Außerdem wurden verschiedene Workshops für die Teilnehmenden organisiert, darunter ein eintägiger Pitching-Workshop, dessen Ziel es war, die Präsentationsfähigkeiten der Teilnehmenden zu verbessern und damit ihre Chancen auf eine Finanzierung durch den Produktionsfonds zu erhöhen. Darüber hinaus fanden Workshops für die Projekte im Jahr 2020 statt, wie z. B. ein Projektmanagement-Workshop, sowie das Mentorship Programm, bei dem die Gewinner des Produktionsfonds zu einem Sondierungsgespräch mit dem bekannten sudanesischen und internationalen Künstler Khalid Albaih eingeladen wurden.
NEW SPACES „Jeenak“
Da die sudanesische Kulturszene auf die Hauptstadt Khartum fokussiert ist, wollte das Goethe-Institut mit dem Projekt „Jeenak“ (deutsch: „Wir kommen zu dir“) Kunst und Kultur auch in ländlichere Gebiete und weitere urbane Zentren bringen. 2019 wurde ein Anhänger gekauft und so modifiziert, dass er für jede Veranstaltung geeignet ist. Der Anhänger, der Platz bietet für Theaterstücke, Filme, Konzerte und Diskussionen, wurde vom Goethe-Institut und sudanischen Künstler*innen entwickelt und reist bis heute durch den Sudan, um Kultur in allen möglichen Teilen des Landes zu verbreiten.
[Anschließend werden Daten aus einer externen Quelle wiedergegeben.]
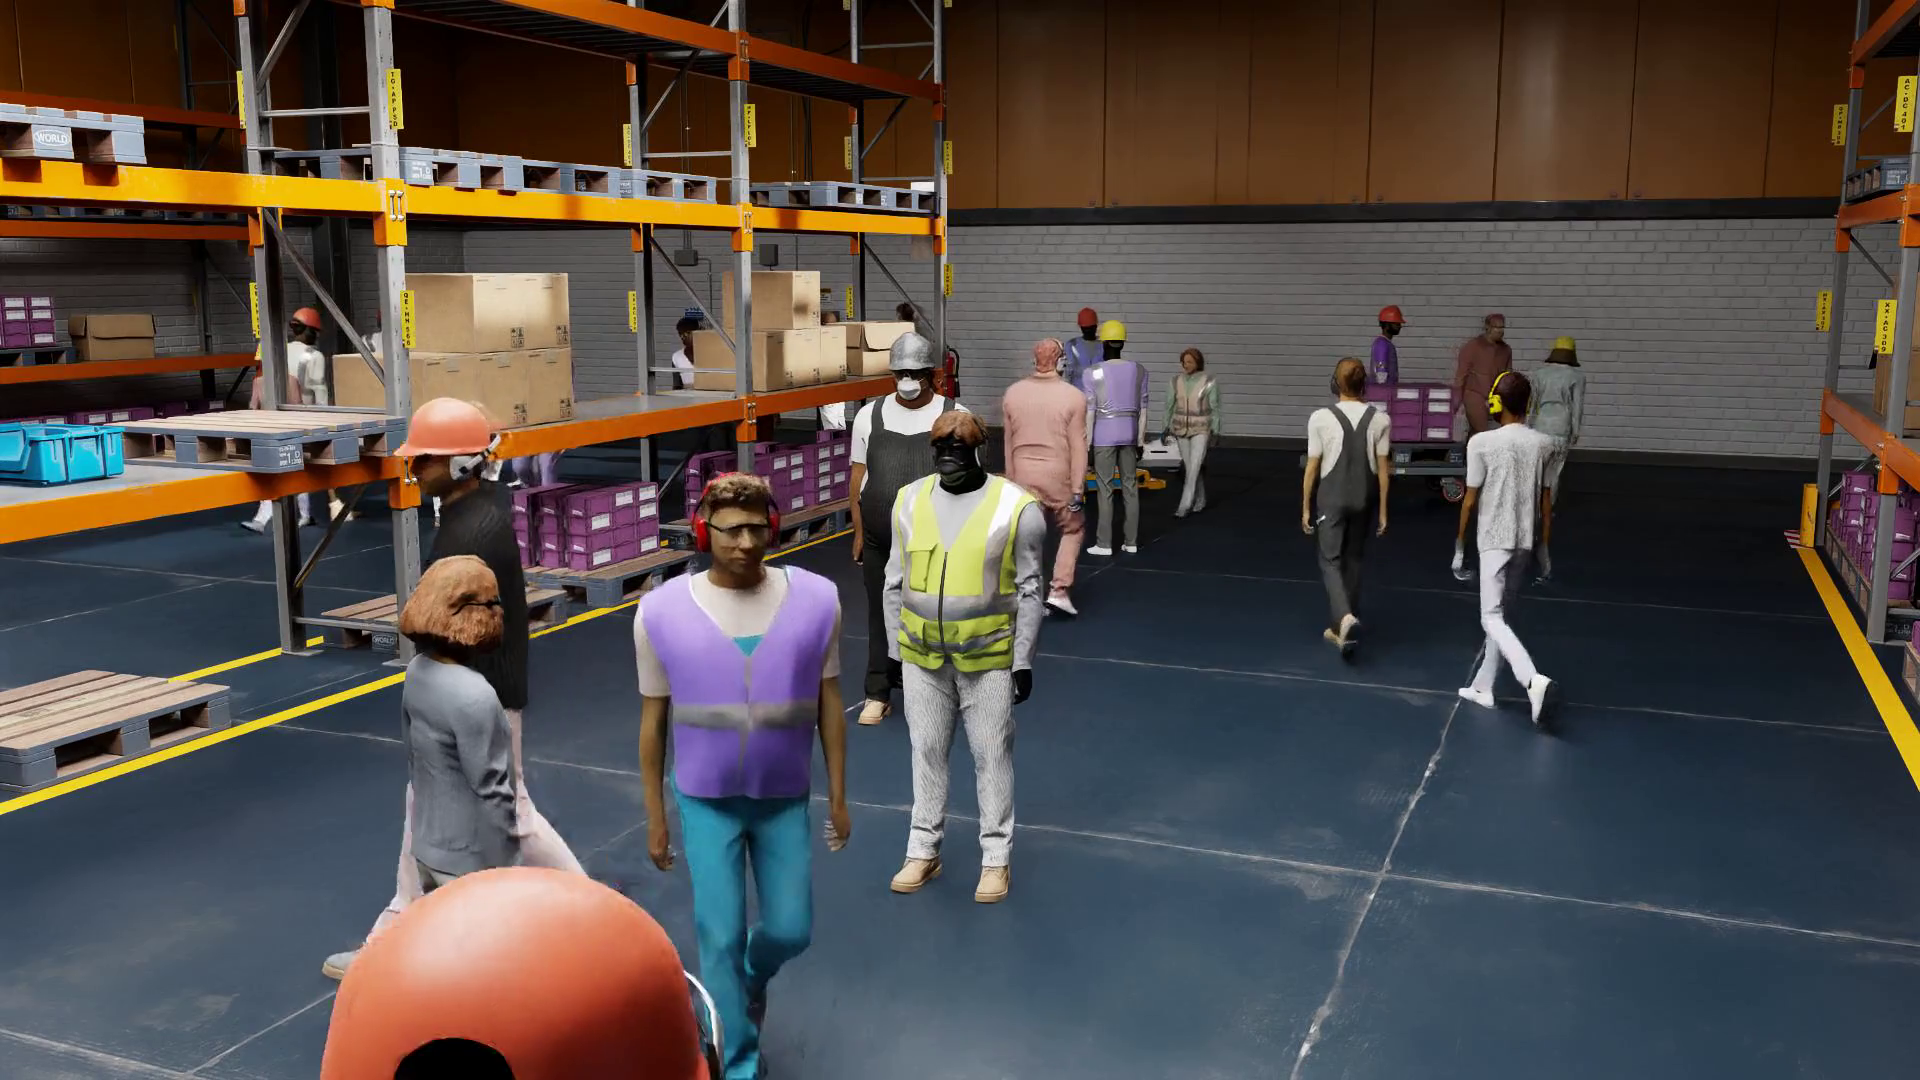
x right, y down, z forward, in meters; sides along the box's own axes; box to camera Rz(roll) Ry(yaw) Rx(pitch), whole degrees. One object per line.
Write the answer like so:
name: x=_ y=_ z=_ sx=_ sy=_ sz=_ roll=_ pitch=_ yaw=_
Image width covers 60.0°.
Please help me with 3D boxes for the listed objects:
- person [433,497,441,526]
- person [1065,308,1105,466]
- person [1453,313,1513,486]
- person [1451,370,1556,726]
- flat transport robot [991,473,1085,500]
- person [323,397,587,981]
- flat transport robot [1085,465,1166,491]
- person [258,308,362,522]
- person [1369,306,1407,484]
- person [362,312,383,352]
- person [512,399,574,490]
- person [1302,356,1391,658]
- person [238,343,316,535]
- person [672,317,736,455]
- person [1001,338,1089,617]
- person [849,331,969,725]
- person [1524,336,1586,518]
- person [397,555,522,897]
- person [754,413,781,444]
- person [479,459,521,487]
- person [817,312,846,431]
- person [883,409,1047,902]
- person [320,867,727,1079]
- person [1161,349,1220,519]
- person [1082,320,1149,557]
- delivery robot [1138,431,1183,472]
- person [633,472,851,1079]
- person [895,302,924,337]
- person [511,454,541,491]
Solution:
person: x=-4.623 y=-1.057 z=15.125 sx=0.352 sy=1.882 sz=0.576 roll=6 pitch=11 yaw=30
person: x=1.428 y=-1.594 z=18.328 sx=0.554 sy=1.912 sz=0.541 roll=0 pitch=9 yaw=-2
person: x=5.601 y=-1.445 z=17.532 sx=0.656 sy=1.856 sz=0.950 roll=-5 pitch=11 yaw=-29
person: x=2.867 y=0.041 z=8.656 sx=0.519 sy=1.834 sz=0.834 roll=-2 pitch=10 yaw=-14
flat transport robot: x=0.592 y=-0.516 z=16.719 sx=0.652 sy=0.197 sz=1.431 roll=-5 pitch=11 yaw=-30
person: x=-1.618 y=0.501 z=5.491 sx=0.941 sy=1.955 sz=0.634 roll=-4 pitch=10 yaw=-23
flat transport robot: x=1.383 y=-0.637 z=17.450 sx=1.431 sy=0.197 sz=0.652 roll=-4 pitch=10 yaw=-25
person: x=-6.057 y=-1.142 z=15.383 sx=0.808 sy=1.987 sz=0.586 roll=4 pitch=10 yaw=23
person: x=4.639 y=-1.580 z=18.138 sx=0.413 sy=1.937 sz=0.575 roll=3 pitch=10 yaw=16
person: x=-7.056 y=-1.907 z=20.477 sx=0.587 sy=1.833 sz=1.025 roll=-3 pitch=10 yaw=-19
person: x=-3.837 y=-1.059 z=15.130 sx=0.664 sy=1.884 sz=0.434 roll=0 pitch=9 yaw=0
person: x=2.354 y=-0.191 z=10.062 sx=0.512 sy=1.828 sz=0.785 roll=-1 pitch=9 yaw=-3
person: x=-6.071 y=-0.904 z=14.695 sx=0.547 sy=1.713 sz=0.937 roll=5 pitch=11 yaw=28
person: x=-2.477 y=-1.258 z=16.381 sx=0.656 sy=1.871 sz=0.636 roll=2 pitch=10 yaw=11
person: x=0.599 y=-0.397 z=11.093 sx=0.668 sy=1.890 sz=0.473 roll=5 pitch=11 yaw=30
person: x=-0.246 y=-0.048 z=8.530 sx=0.684 sy=2.000 sz=0.538 roll=1 pitch=9 yaw=7
person: x=5.552 y=-1.044 z=15.539 sx=0.522 sy=1.709 sz=0.474 roll=6 pitch=11 yaw=33
person: x=-1.282 y=0.846 z=4.347 sx=0.289 sy=1.633 sz=0.499 roll=-8 pitch=12 yaw=-39
person: x=-2.042 y=-1.305 z=17.005 sx=0.527 sy=1.761 sz=0.347 roll=6 pitch=11 yaw=34
person: x=-4.940 y=-1.479 z=17.720 sx=0.797 sy=1.866 sz=0.673 roll=-1 pitch=9 yaw=-7
person: x=-1.508 y=-1.702 z=19.177 sx=0.429 sy=1.838 sz=0.621 roll=3 pitch=10 yaw=16
person: x=-0.002 y=0.431 z=6.235 sx=0.626 sy=1.844 sz=0.429 roll=3 pitch=10 yaw=19
person: x=-0.357 y=1.202 z=1.205 sx=0.623 sy=1.959 sz=0.896 roll=6 pitch=11 yaw=32
person: x=2.180 y=-1.011 z=15.729 sx=0.533 sy=1.588 sz=0.878 roll=6 pitch=11 yaw=32
person: x=1.247 y=-0.822 z=13.564 sx=0.587 sy=1.928 sz=0.381 roll=-3 pitch=10 yaw=-20
delivery robot: x=2.285 y=-0.956 z=18.246 sx=0.707 sy=0.478 sz=0.477 roll=0 pitch=9 yaw=-1
person: x=-0.604 y=0.700 z=4.637 sx=0.585 sy=1.828 sz=0.664 roll=-3 pitch=10 yaw=-16
person: x=-0.555 y=-2.057 z=21.105 sx=0.706 sy=1.917 sz=0.632 roll=3 pitch=10 yaw=19
person: x=-4.516 y=-1.386 z=17.270 sx=0.404 sy=1.832 sz=0.594 roll=-3 pitch=10 yaw=-19
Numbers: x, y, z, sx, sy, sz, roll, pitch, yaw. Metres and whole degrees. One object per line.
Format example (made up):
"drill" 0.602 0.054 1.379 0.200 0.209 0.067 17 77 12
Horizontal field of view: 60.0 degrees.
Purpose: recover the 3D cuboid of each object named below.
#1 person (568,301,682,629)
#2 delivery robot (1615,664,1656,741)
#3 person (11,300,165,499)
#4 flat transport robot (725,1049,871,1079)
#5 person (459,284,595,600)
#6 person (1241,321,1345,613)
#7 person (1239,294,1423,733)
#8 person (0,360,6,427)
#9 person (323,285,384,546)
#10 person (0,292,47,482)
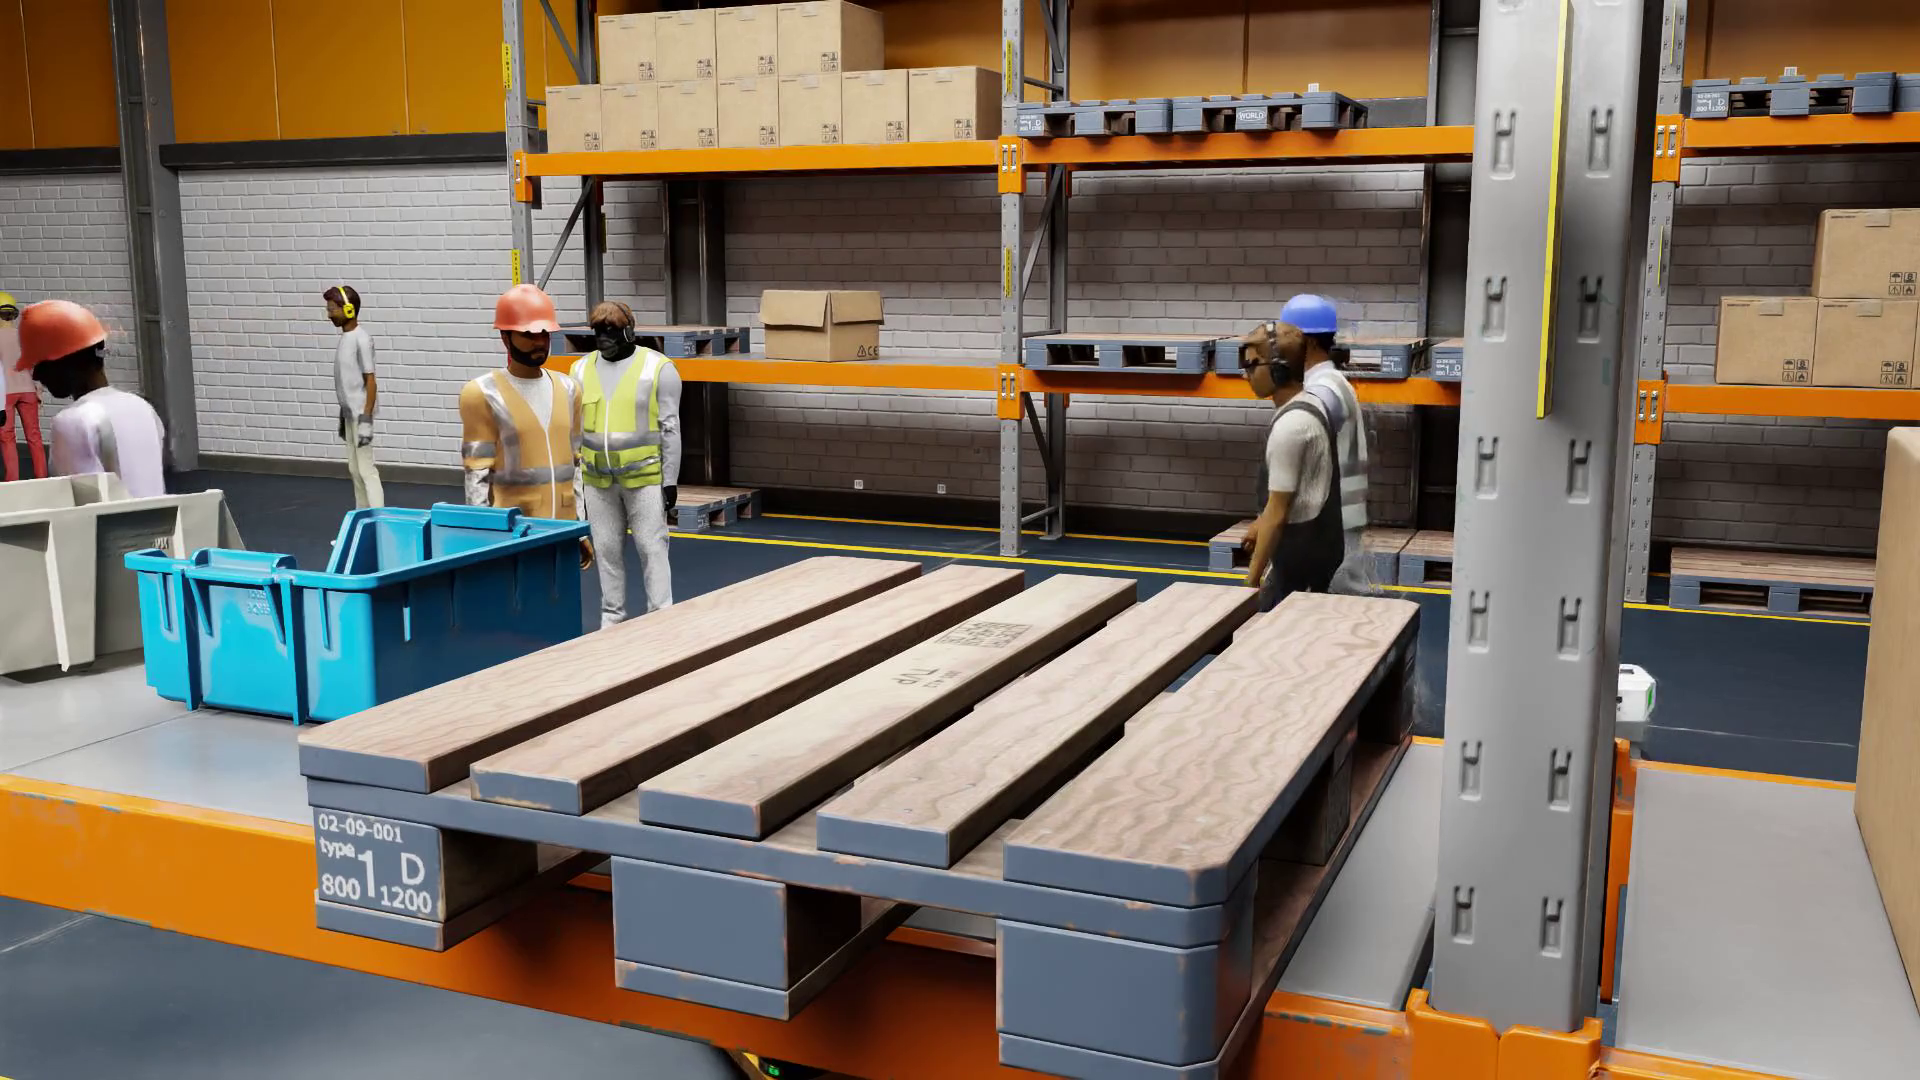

2020 wurde „Jeenak“ aufgrund der Corona-Pandemie-Einschränkungen in ein Online-Format „Jeenak fi baitak“ (deutsch: „Wir kommen zu dir nach Hause“) umgewandelt. Im Rahmen des Projekts wurden Kurzfilme gezeigt, die sich mit aktuellen Themen im Sudan befassten, z. B. mit der Rolle der Frauen und dem kulturellen Erbe. Ein Interview mit dem Autor eines Gedichts, das während der Demonstrationen gesungen wurde, sorgte für große und breite Interaktion in den sozialen Medien. „Das ist echte Vielfalt, die wir in Bezug auf kulturelle, sprachliche und ökologische Vielfalt suchen“, sagte ein Zuschauer über das Projekt „Jeenak“, „Ich bin sicher, dass dieses Land seine Stärke aus der enormen Diversität bezieht [..]“, fügte er zu.